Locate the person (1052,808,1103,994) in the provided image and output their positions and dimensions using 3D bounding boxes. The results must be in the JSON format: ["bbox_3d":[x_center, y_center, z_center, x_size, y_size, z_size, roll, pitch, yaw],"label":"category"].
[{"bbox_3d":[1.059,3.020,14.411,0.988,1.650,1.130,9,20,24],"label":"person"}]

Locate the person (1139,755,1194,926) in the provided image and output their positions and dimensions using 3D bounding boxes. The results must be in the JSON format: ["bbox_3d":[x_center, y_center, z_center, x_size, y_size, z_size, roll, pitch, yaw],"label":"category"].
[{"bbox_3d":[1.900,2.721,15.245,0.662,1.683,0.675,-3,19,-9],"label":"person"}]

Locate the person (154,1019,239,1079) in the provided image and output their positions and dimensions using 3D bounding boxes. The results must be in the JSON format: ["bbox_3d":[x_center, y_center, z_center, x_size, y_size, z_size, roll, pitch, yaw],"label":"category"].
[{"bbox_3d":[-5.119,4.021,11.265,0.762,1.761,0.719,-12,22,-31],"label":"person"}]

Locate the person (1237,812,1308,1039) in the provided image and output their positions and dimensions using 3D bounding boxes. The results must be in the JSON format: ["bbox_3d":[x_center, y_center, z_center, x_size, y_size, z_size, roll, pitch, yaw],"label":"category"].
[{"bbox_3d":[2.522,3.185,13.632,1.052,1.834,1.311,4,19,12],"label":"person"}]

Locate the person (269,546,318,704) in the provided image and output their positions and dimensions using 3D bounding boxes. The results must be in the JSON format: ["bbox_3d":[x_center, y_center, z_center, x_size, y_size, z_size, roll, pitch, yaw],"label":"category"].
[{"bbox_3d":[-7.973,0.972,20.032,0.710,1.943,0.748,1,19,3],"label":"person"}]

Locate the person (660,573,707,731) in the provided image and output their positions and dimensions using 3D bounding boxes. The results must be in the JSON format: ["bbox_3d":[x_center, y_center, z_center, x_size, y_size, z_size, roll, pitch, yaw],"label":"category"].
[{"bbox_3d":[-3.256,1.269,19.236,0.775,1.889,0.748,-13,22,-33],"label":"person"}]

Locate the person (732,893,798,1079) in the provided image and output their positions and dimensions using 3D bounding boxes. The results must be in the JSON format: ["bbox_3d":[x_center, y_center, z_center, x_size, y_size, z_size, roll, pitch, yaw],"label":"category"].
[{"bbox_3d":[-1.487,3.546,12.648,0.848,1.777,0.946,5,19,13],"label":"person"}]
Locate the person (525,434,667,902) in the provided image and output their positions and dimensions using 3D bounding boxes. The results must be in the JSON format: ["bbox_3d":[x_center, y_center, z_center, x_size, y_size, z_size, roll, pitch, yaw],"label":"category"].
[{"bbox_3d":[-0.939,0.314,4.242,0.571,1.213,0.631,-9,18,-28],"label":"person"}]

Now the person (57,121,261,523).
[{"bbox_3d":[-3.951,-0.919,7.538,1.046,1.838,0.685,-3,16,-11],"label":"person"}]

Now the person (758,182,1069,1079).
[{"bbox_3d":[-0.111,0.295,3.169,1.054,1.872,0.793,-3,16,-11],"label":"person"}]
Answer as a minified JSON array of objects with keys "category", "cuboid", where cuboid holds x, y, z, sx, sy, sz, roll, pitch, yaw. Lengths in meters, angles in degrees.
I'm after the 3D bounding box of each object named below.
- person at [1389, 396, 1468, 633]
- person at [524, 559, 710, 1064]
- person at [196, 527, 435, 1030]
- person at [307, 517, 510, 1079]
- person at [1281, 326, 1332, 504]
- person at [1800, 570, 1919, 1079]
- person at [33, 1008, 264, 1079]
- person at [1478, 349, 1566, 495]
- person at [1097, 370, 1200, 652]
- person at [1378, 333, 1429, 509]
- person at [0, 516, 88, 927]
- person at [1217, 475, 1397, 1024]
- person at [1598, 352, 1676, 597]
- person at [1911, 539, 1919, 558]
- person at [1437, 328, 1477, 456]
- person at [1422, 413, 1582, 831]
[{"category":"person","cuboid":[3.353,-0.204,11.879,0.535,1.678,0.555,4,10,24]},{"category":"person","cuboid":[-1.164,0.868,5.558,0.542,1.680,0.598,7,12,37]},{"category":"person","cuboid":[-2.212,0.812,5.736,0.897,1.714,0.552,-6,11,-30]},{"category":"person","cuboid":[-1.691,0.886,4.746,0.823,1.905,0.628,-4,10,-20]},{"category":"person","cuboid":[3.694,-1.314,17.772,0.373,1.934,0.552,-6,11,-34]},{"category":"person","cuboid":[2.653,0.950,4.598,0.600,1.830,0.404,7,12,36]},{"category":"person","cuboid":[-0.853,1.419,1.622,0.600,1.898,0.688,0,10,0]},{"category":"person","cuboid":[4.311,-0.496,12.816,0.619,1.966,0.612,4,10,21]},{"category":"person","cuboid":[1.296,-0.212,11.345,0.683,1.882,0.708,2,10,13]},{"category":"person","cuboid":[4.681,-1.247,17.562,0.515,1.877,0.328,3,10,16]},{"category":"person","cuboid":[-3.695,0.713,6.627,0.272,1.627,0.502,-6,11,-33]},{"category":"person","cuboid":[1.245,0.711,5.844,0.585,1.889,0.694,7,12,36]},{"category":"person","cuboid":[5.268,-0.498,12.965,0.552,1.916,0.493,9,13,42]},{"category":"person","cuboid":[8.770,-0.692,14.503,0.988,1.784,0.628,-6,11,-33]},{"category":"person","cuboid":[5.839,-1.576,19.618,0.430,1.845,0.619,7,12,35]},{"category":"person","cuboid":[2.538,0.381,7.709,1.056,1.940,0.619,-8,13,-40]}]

WHAT YOU HAVE TO DO:
Copy the records above. Keep every word as it is.

ANSWER SECTION:
Locate the person (1052,808,1103,994) in the provided image and output their positions and dimensions using 3D bounding boxes. The results must be in the JSON format: ["bbox_3d":[x_center, y_center, z_center, x_size, y_size, z_size, roll, pitch, yaw],"label":"category"].
[{"bbox_3d":[1.059,3.020,14.411,0.988,1.650,1.130,9,20,24],"label":"person"}]

Locate the person (1139,755,1194,926) in the provided image and output their positions and dimensions using 3D bounding boxes. The results must be in the JSON format: ["bbox_3d":[x_center, y_center, z_center, x_size, y_size, z_size, roll, pitch, yaw],"label":"category"].
[{"bbox_3d":[1.900,2.721,15.245,0.662,1.683,0.675,-3,19,-9],"label":"person"}]

Locate the person (154,1019,239,1079) in the provided image and output their positions and dimensions using 3D bounding boxes. The results must be in the JSON format: ["bbox_3d":[x_center, y_center, z_center, x_size, y_size, z_size, roll, pitch, yaw],"label":"category"].
[{"bbox_3d":[-5.119,4.021,11.265,0.762,1.761,0.719,-12,22,-31],"label":"person"}]

Locate the person (1237,812,1308,1039) in the provided image and output their positions and dimensions using 3D bounding boxes. The results must be in the JSON format: ["bbox_3d":[x_center, y_center, z_center, x_size, y_size, z_size, roll, pitch, yaw],"label":"category"].
[{"bbox_3d":[2.522,3.185,13.632,1.052,1.834,1.311,4,19,12],"label":"person"}]

Locate the person (269,546,318,704) in the provided image and output their positions and dimensions using 3D bounding boxes. The results must be in the JSON format: ["bbox_3d":[x_center, y_center, z_center, x_size, y_size, z_size, roll, pitch, yaw],"label":"category"].
[{"bbox_3d":[-7.973,0.972,20.032,0.710,1.943,0.748,1,19,3],"label":"person"}]

Locate the person (660,573,707,731) in the provided image and output their positions and dimensions using 3D bounding boxes. The results must be in the JSON format: ["bbox_3d":[x_center, y_center, z_center, x_size, y_size, z_size, roll, pitch, yaw],"label":"category"].
[{"bbox_3d":[-3.256,1.269,19.236,0.775,1.889,0.748,-13,22,-33],"label":"person"}]

Locate the person (732,893,798,1079) in the provided image and output their positions and dimensions using 3D bounding boxes. The results must be in the JSON format: ["bbox_3d":[x_center, y_center, z_center, x_size, y_size, z_size, roll, pitch, yaw],"label":"category"].
[{"bbox_3d":[-1.487,3.546,12.648,0.848,1.777,0.946,5,19,13],"label":"person"}]
Locate the person (525,434,667,902) in the provided image and output their positions and dimensions using 3D bounding boxes. The results must be in the JSON format: ["bbox_3d":[x_center, y_center, z_center, x_size, y_size, z_size, roll, pitch, yaw],"label":"category"].
[{"bbox_3d":[-0.939,0.314,4.242,0.571,1.213,0.631,-9,18,-28],"label":"person"}]

Now the person (57,121,261,523).
[{"bbox_3d":[-3.951,-0.919,7.538,1.046,1.838,0.685,-3,16,-11],"label":"person"}]

Now the person (758,182,1069,1079).
[{"bbox_3d":[-0.111,0.295,3.169,1.054,1.872,0.793,-3,16,-11],"label":"person"}]
Answer as a minified JSON array of objects with keys "category", "cuboid", where cuboid holds x, y, z, sx, sy, sz, roll, pitch, yaw. Lengths in meters, angles in degrees.
I'm after the 3D bounding box of each object named below.
- person at [1389, 396, 1468, 633]
- person at [524, 559, 710, 1064]
- person at [196, 527, 435, 1030]
- person at [307, 517, 510, 1079]
- person at [1281, 326, 1332, 504]
- person at [1800, 570, 1919, 1079]
- person at [33, 1008, 264, 1079]
- person at [1478, 349, 1566, 495]
- person at [1097, 370, 1200, 652]
- person at [1378, 333, 1429, 509]
- person at [0, 516, 88, 927]
- person at [1217, 475, 1397, 1024]
- person at [1598, 352, 1676, 597]
- person at [1911, 539, 1919, 558]
- person at [1437, 328, 1477, 456]
- person at [1422, 413, 1582, 831]
[{"category":"person","cuboid":[3.353,-0.204,11.879,0.535,1.678,0.555,4,10,24]},{"category":"person","cuboid":[-1.164,0.868,5.558,0.542,1.680,0.598,7,12,37]},{"category":"person","cuboid":[-2.212,0.812,5.736,0.897,1.714,0.552,-6,11,-30]},{"category":"person","cuboid":[-1.691,0.886,4.746,0.823,1.905,0.628,-4,10,-20]},{"category":"person","cuboid":[3.694,-1.314,17.772,0.373,1.934,0.552,-6,11,-34]},{"category":"person","cuboid":[2.653,0.950,4.598,0.600,1.830,0.404,7,12,36]},{"category":"person","cuboid":[-0.853,1.419,1.622,0.600,1.898,0.688,0,10,0]},{"category":"person","cuboid":[4.311,-0.496,12.816,0.619,1.966,0.612,4,10,21]},{"category":"person","cuboid":[1.296,-0.212,11.345,0.683,1.882,0.708,2,10,13]},{"category":"person","cuboid":[4.681,-1.247,17.562,0.515,1.877,0.328,3,10,16]},{"category":"person","cuboid":[-3.695,0.713,6.627,0.272,1.627,0.502,-6,11,-33]},{"category":"person","cuboid":[1.245,0.711,5.844,0.585,1.889,0.694,7,12,36]},{"category":"person","cuboid":[5.268,-0.498,12.965,0.552,1.916,0.493,9,13,42]},{"category":"person","cuboid":[8.770,-0.692,14.503,0.988,1.784,0.628,-6,11,-33]},{"category":"person","cuboid":[5.839,-1.576,19.618,0.430,1.845,0.619,7,12,35]},{"category":"person","cuboid":[2.538,0.381,7.709,1.056,1.940,0.619,-8,13,-40]}]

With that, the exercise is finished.